◆ **SOURCE MATERIAL**:
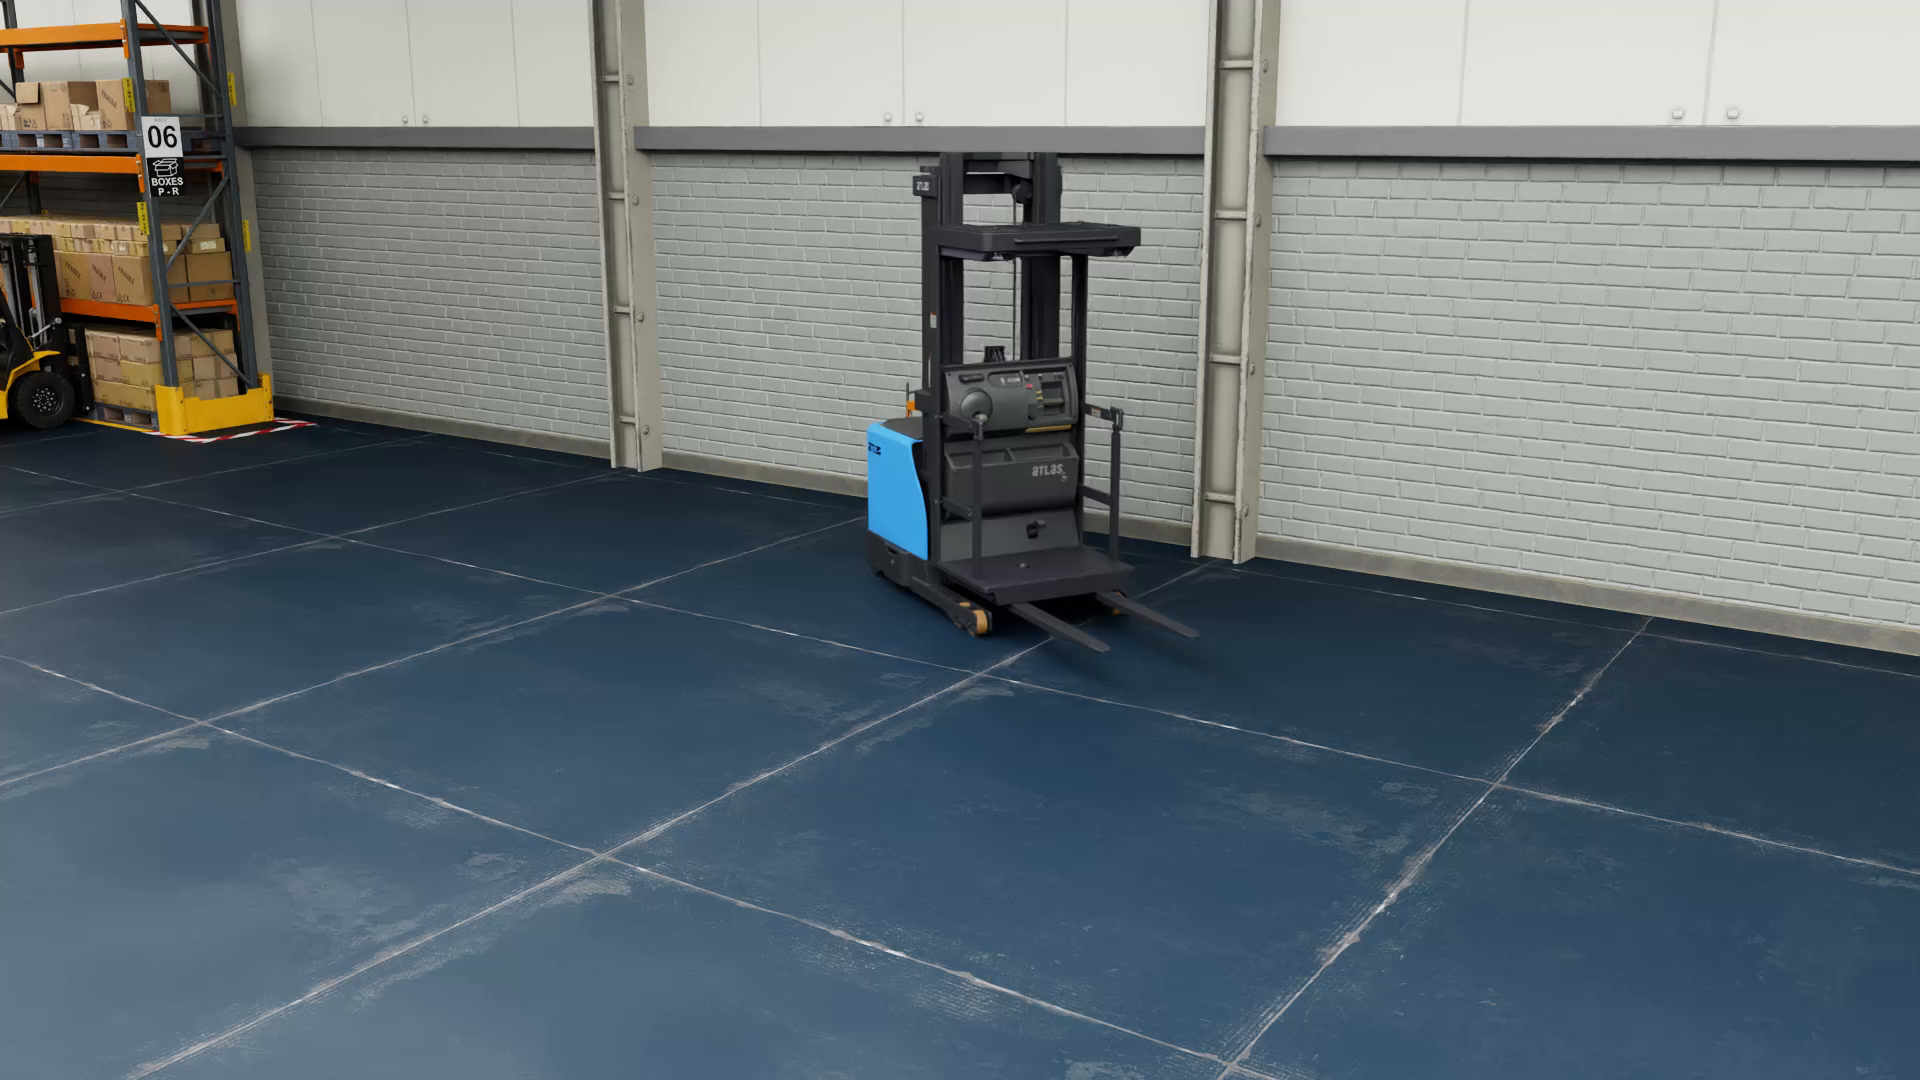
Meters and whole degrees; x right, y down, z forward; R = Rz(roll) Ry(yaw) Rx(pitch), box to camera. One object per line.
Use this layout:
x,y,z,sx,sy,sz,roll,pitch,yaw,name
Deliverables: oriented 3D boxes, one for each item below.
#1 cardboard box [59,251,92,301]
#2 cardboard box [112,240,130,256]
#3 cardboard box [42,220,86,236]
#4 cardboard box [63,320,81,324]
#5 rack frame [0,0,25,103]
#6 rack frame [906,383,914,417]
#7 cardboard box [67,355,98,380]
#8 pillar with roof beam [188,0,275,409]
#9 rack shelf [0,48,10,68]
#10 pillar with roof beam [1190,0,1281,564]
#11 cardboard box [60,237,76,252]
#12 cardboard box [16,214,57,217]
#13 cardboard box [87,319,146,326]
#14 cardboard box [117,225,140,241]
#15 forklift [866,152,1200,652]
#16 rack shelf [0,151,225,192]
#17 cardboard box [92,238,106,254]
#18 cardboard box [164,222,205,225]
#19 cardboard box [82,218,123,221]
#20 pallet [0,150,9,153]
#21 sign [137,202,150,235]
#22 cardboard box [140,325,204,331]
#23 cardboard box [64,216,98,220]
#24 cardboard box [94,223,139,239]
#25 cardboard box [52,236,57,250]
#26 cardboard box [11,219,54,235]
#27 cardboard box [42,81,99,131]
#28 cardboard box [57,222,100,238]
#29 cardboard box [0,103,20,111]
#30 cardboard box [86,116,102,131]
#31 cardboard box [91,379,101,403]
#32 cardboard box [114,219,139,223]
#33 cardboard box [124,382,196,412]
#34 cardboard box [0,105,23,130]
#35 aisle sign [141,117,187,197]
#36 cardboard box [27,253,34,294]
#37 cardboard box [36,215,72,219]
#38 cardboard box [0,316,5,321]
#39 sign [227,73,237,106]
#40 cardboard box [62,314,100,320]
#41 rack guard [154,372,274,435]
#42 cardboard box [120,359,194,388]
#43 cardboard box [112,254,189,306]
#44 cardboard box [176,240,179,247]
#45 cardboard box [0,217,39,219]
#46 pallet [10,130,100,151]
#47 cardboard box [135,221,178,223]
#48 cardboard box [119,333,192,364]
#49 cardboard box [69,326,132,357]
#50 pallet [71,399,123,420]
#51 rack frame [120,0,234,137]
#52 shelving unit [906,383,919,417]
-9.332,-2.876,17.991,0.500,0.500,0.500,9,16,32,cardboard box
-8.599,-3.056,17.369,0.250,0.149,0.380,9,17,34,cardboard box
-9.817,-3.429,18.257,0.250,0.149,0.380,9,17,33,cardboard box
-10.181,-2.302,18.649,0.500,0.250,0.500,10,17,35,cardboard box
-11.245,-6.122,18.829,0.127,3.000,1.000,9,17,33,rack frame
-0.340,-0.637,12.901,0.015,1.200,0.240,9,17,33,rack frame
-9.355,-1.923,18.157,0.500,0.250,0.500,9,16,32,cardboard box
-10.404,-5.001,14.297,0.400,9.000,9.100,9,17,33,pillar with roof beam
-12.905,-5.847,20.047,4.000,0.370,1.077,9,17,33,rack shelf
-0.446,-3.391,7.796,0.400,9.000,9.100,9,17,33,pillar with roof beam
-9.449,-3.195,17.930,0.250,0.149,0.380,9,17,33,cardboard box
-10.812,-3.736,19.494,0.250,0.149,0.380,9,17,33,cardboard box
-9.467,-2.336,18.786,0.500,0.250,0.500,9,16,32,cardboard box
-8.563,-3.215,17.390,0.250,0.149,0.380,9,17,33,cardboard box
0.432,-0.942,10.527,1.130,2.935,3.031,-7,15,-25,forklift
-9.586,-4.049,18.192,4.000,0.370,1.077,9,17,33,rack shelf
-8.980,-3.139,17.702,0.250,0.149,0.380,9,17,32,cardboard box
-8.272,-3.317,17.805,0.250,0.149,0.380,10,17,35,cardboard box
-9.575,-3.517,18.612,0.250,0.149,0.380,10,17,34,cardboard box
-11.985,-4.689,19.679,1.217,0.209,0.805,8,16,31,pallet
-8.241,-3.245,16.785,0.005,0.325,0.100,9,17,33,sign
-8.636,-2.197,18.223,0.500,0.250,0.500,9,17,33,cardboard box
-9.953,-3.601,18.950,0.250,0.149,0.380,9,16,32,cardboard box
-8.961,-3.293,17.704,0.250,0.149,0.380,9,17,33,cardboard box
-9.856,-3.267,18.221,0.250,0.149,0.380,9,16,32,cardboard box
-10.276,-3.482,18.471,0.250,0.149,0.380,9,16,32,cardboard box
-9.224,-4.599,17.626,0.500,0.500,0.700,9,17,33,cardboard box
-9.456,-3.339,17.892,0.250,0.149,0.380,10,17,34,cardboard box
-10.691,-4.715,18.490,0.500,0.311,0.500,10,17,34,cardboard box
-8.783,-4.311,17.194,0.250,0.149,0.380,9,16,31,cardboard box
-9.310,-1.681,18.218,0.500,0.250,0.500,9,17,33,cardboard box
-9.104,-3.465,18.402,0.250,0.149,0.380,9,16,31,cardboard box
-8.493,-1.543,17.662,0.500,0.250,0.500,9,17,33,cardboard box
-10.183,-4.594,18.094,0.258,0.266,0.396,9,16,31,cardboard box
-8.036,-3.868,16.798,0.004,0.787,0.394,9,17,33,aisle sign
-10.161,-3.013,18.544,0.500,0.500,0.500,9,17,32,cardboard box
-10.400,-3.661,19.192,0.250,0.149,0.380,9,17,32,cardboard box
-11.019,-2.437,19.194,0.500,0.250,0.500,9,16,32,cardboard box
-7.612,-4.703,17.351,0.005,0.325,0.100,9,17,33,sign
-10.300,-2.472,19.336,0.500,0.250,0.500,9,16,32,cardboard box
-7.906,-1.457,17.670,0.348,0.500,1.175,9,17,33,rack guard
-8.505,-1.789,17.614,0.500,0.250,0.500,9,16,32,cardboard box
-8.481,-2.736,17.426,0.500,0.500,0.500,9,16,32,cardboard box
-8.303,-3.155,17.768,0.250,0.149,0.380,9,17,33,cardboard box
-10.663,-3.567,18.812,0.250,0.149,0.380,9,16,32,cardboard box
-9.515,-4.350,18.097,1.213,0.211,1.003,9,17,33,pallet
-8.708,-3.380,18.057,0.250,0.149,0.380,9,17,33,cardboard box
-8.483,-2.028,17.541,0.500,0.250,0.500,10,17,35,cardboard box
-9.334,-2.161,18.078,0.500,0.250,0.500,9,17,34,cardboard box
-9.592,-1.578,18.760,1.213,0.211,1.003,9,17,33,pallet
-7.926,-5.586,16.662,0.127,3.000,1.000,9,17,33,rack frame
-0.137,-0.605,12.769,0.503,1.200,0.258,9,17,33,shelving unit

◆ **PROBLEM REQUIREMENTS**:
Could you repeat each line above exactly as written? Omit the pictures.

◆ **RESULT OF THIS EXERCISE**:
Meters and whole degrees; x right, y down, z forward; R = Rz(roll) Ry(yaw) Rx(pitch), box to camera. One object per line.
Use this layout:
x,y,z,sx,sy,sz,roll,pitch,yaw,name
Deliverables: oriented 3D boxes, one for each item below.
#1 cardboard box [59,251,92,301]
#2 cardboard box [112,240,130,256]
#3 cardboard box [42,220,86,236]
#4 cardboard box [63,320,81,324]
#5 rack frame [0,0,25,103]
#6 rack frame [906,383,914,417]
#7 cardboard box [67,355,98,380]
#8 pillar with roof beam [188,0,275,409]
#9 rack shelf [0,48,10,68]
#10 pillar with roof beam [1190,0,1281,564]
#11 cardboard box [60,237,76,252]
#12 cardboard box [16,214,57,217]
#13 cardboard box [87,319,146,326]
#14 cardboard box [117,225,140,241]
#15 forklift [866,152,1200,652]
#16 rack shelf [0,151,225,192]
#17 cardboard box [92,238,106,254]
#18 cardboard box [164,222,205,225]
#19 cardboard box [82,218,123,221]
#20 pallet [0,150,9,153]
#21 sign [137,202,150,235]
#22 cardboard box [140,325,204,331]
#23 cardboard box [64,216,98,220]
#24 cardboard box [94,223,139,239]
#25 cardboard box [52,236,57,250]
#26 cardboard box [11,219,54,235]
#27 cardboard box [42,81,99,131]
#28 cardboard box [57,222,100,238]
#29 cardboard box [0,103,20,111]
#30 cardboard box [86,116,102,131]
#31 cardboard box [91,379,101,403]
#32 cardboard box [114,219,139,223]
#33 cardboard box [124,382,196,412]
#34 cardboard box [0,105,23,130]
#35 aisle sign [141,117,187,197]
#36 cardboard box [27,253,34,294]
#37 cardboard box [36,215,72,219]
#38 cardboard box [0,316,5,321]
#39 sign [227,73,237,106]
#40 cardboard box [62,314,100,320]
#41 rack guard [154,372,274,435]
#42 cardboard box [120,359,194,388]
#43 cardboard box [112,254,189,306]
#44 cardboard box [176,240,179,247]
#45 cardboard box [0,217,39,219]
#46 pallet [10,130,100,151]
#47 cardboard box [135,221,178,223]
#48 cardboard box [119,333,192,364]
#49 cardboard box [69,326,132,357]
#50 pallet [71,399,123,420]
#51 rack frame [120,0,234,137]
#52 shelving unit [906,383,919,417]
-9.332,-2.876,17.991,0.500,0.500,0.500,9,16,32,cardboard box
-8.599,-3.056,17.369,0.250,0.149,0.380,9,17,34,cardboard box
-9.817,-3.429,18.257,0.250,0.149,0.380,9,17,33,cardboard box
-10.181,-2.302,18.649,0.500,0.250,0.500,10,17,35,cardboard box
-11.245,-6.122,18.829,0.127,3.000,1.000,9,17,33,rack frame
-0.340,-0.637,12.901,0.015,1.200,0.240,9,17,33,rack frame
-9.355,-1.923,18.157,0.500,0.250,0.500,9,16,32,cardboard box
-10.404,-5.001,14.297,0.400,9.000,9.100,9,17,33,pillar with roof beam
-12.905,-5.847,20.047,4.000,0.370,1.077,9,17,33,rack shelf
-0.446,-3.391,7.796,0.400,9.000,9.100,9,17,33,pillar with roof beam
-9.449,-3.195,17.930,0.250,0.149,0.380,9,17,33,cardboard box
-10.812,-3.736,19.494,0.250,0.149,0.380,9,17,33,cardboard box
-9.467,-2.336,18.786,0.500,0.250,0.500,9,16,32,cardboard box
-8.563,-3.215,17.390,0.250,0.149,0.380,9,17,33,cardboard box
0.432,-0.942,10.527,1.130,2.935,3.031,-7,15,-25,forklift
-9.586,-4.049,18.192,4.000,0.370,1.077,9,17,33,rack shelf
-8.980,-3.139,17.702,0.250,0.149,0.380,9,17,32,cardboard box
-8.272,-3.317,17.805,0.250,0.149,0.380,10,17,35,cardboard box
-9.575,-3.517,18.612,0.250,0.149,0.380,10,17,34,cardboard box
-11.985,-4.689,19.679,1.217,0.209,0.805,8,16,31,pallet
-8.241,-3.245,16.785,0.005,0.325,0.100,9,17,33,sign
-8.636,-2.197,18.223,0.500,0.250,0.500,9,17,33,cardboard box
-9.953,-3.601,18.950,0.250,0.149,0.380,9,16,32,cardboard box
-8.961,-3.293,17.704,0.250,0.149,0.380,9,17,33,cardboard box
-9.856,-3.267,18.221,0.250,0.149,0.380,9,16,32,cardboard box
-10.276,-3.482,18.471,0.250,0.149,0.380,9,16,32,cardboard box
-9.224,-4.599,17.626,0.500,0.500,0.700,9,17,33,cardboard box
-9.456,-3.339,17.892,0.250,0.149,0.380,10,17,34,cardboard box
-10.691,-4.715,18.490,0.500,0.311,0.500,10,17,34,cardboard box
-8.783,-4.311,17.194,0.250,0.149,0.380,9,16,31,cardboard box
-9.310,-1.681,18.218,0.500,0.250,0.500,9,17,33,cardboard box
-9.104,-3.465,18.402,0.250,0.149,0.380,9,16,31,cardboard box
-8.493,-1.543,17.662,0.500,0.250,0.500,9,17,33,cardboard box
-10.183,-4.594,18.094,0.258,0.266,0.396,9,16,31,cardboard box
-8.036,-3.868,16.798,0.004,0.787,0.394,9,17,33,aisle sign
-10.161,-3.013,18.544,0.500,0.500,0.500,9,17,32,cardboard box
-10.400,-3.661,19.192,0.250,0.149,0.380,9,17,32,cardboard box
-11.019,-2.437,19.194,0.500,0.250,0.500,9,16,32,cardboard box
-7.612,-4.703,17.351,0.005,0.325,0.100,9,17,33,sign
-10.300,-2.472,19.336,0.500,0.250,0.500,9,16,32,cardboard box
-7.906,-1.457,17.670,0.348,0.500,1.175,9,17,33,rack guard
-8.505,-1.789,17.614,0.500,0.250,0.500,9,16,32,cardboard box
-8.481,-2.736,17.426,0.500,0.500,0.500,9,16,32,cardboard box
-8.303,-3.155,17.768,0.250,0.149,0.380,9,17,33,cardboard box
-10.663,-3.567,18.812,0.250,0.149,0.380,9,16,32,cardboard box
-9.515,-4.350,18.097,1.213,0.211,1.003,9,17,33,pallet
-8.708,-3.380,18.057,0.250,0.149,0.380,9,17,33,cardboard box
-8.483,-2.028,17.541,0.500,0.250,0.500,10,17,35,cardboard box
-9.334,-2.161,18.078,0.500,0.250,0.500,9,17,34,cardboard box
-9.592,-1.578,18.760,1.213,0.211,1.003,9,17,33,pallet
-7.926,-5.586,16.662,0.127,3.000,1.000,9,17,33,rack frame
-0.137,-0.605,12.769,0.503,1.200,0.258,9,17,33,shelving unit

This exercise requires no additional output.